#### [What this task involves]
The word "from" may appear in some lines of the data; copy every such line.

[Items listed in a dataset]
........

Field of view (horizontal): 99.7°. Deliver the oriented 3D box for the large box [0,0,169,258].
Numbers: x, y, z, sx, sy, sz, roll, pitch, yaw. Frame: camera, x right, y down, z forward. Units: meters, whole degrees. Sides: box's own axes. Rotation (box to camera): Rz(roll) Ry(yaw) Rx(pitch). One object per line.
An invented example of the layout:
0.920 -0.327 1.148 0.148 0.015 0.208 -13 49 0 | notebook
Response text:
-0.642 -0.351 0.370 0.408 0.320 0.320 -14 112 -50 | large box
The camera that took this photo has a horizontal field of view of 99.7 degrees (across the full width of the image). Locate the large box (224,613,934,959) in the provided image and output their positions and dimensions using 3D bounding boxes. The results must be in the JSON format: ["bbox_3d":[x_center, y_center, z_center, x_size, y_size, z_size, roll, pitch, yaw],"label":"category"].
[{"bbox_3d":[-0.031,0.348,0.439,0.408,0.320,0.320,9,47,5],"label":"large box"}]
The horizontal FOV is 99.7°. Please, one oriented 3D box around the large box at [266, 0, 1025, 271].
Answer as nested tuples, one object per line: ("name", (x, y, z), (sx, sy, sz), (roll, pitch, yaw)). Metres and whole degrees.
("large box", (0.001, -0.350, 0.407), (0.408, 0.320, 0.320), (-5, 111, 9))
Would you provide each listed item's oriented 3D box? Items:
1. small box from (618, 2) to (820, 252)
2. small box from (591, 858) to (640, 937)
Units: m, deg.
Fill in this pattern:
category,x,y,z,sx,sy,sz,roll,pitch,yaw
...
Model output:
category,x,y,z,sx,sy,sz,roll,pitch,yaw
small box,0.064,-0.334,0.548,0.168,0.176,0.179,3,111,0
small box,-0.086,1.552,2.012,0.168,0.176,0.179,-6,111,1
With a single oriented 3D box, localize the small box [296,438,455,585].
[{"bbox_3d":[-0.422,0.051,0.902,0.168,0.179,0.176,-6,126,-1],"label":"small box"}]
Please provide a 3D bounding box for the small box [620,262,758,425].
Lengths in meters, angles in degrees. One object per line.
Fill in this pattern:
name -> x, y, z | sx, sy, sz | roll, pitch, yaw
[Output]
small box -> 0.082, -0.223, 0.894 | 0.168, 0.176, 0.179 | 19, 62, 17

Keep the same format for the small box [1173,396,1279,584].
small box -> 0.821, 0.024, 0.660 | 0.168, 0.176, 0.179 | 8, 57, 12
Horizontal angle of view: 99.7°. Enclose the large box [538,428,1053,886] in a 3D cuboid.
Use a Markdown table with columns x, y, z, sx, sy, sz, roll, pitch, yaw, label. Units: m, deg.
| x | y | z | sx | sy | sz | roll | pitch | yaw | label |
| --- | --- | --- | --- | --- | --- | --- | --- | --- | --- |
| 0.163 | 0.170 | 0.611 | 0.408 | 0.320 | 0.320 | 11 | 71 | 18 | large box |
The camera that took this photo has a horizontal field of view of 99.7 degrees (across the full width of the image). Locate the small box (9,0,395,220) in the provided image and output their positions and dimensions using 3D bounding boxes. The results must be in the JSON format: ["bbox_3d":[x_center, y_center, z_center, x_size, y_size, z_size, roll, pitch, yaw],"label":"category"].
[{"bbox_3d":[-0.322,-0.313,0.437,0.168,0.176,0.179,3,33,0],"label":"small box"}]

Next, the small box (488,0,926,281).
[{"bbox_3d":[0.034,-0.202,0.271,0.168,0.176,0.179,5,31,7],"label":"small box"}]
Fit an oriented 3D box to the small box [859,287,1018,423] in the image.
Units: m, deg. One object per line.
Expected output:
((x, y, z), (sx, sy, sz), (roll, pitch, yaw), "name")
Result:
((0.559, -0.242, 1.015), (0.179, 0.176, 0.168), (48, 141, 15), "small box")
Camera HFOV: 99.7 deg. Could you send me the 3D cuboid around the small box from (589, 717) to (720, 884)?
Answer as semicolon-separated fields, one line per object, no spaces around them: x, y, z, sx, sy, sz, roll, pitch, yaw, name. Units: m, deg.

........

#### [Answer to this exercise]
1. small box from (618, 2) to (820, 252)
2. small box from (591, 858) to (640, 937)
Camera HFOV: 99.7 deg. Could you send me the 3D cuboid around the small box from (589, 717) to (720, 884)?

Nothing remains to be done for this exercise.